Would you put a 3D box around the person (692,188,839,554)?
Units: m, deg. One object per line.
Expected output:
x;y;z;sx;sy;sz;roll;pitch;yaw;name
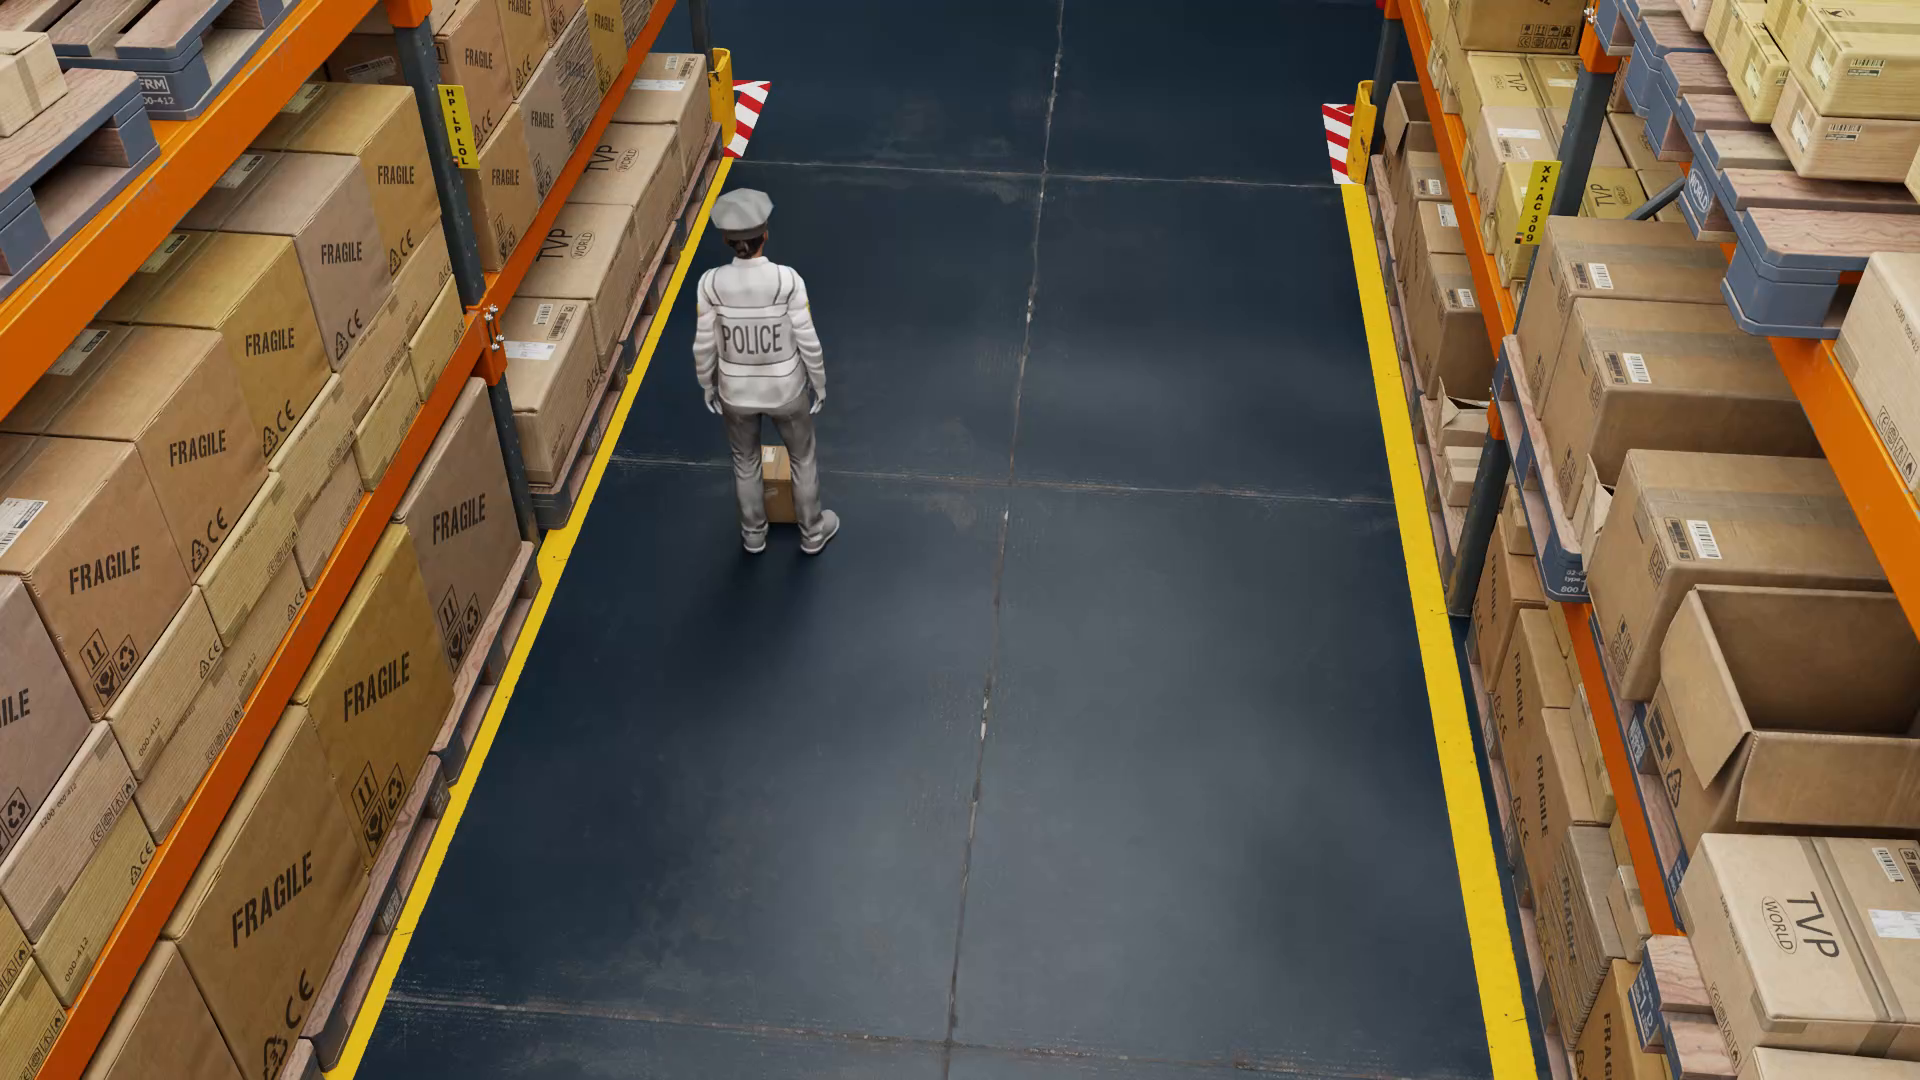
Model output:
-0.815;-0.634;6.902;0.538;1.662;0.373;1;40;1;person
----
= How to complete this task =
An exact copy of the records above is wanted, with the pictures omitted.

= Finished task =
Would you put a 3D box around the person (692,188,839,554)?
Units: m, deg. One object per line.
Expected output:
x;y;z;sx;sy;sz;roll;pitch;yaw;name
Model output:
-0.815;-0.634;6.902;0.538;1.662;0.373;1;40;1;person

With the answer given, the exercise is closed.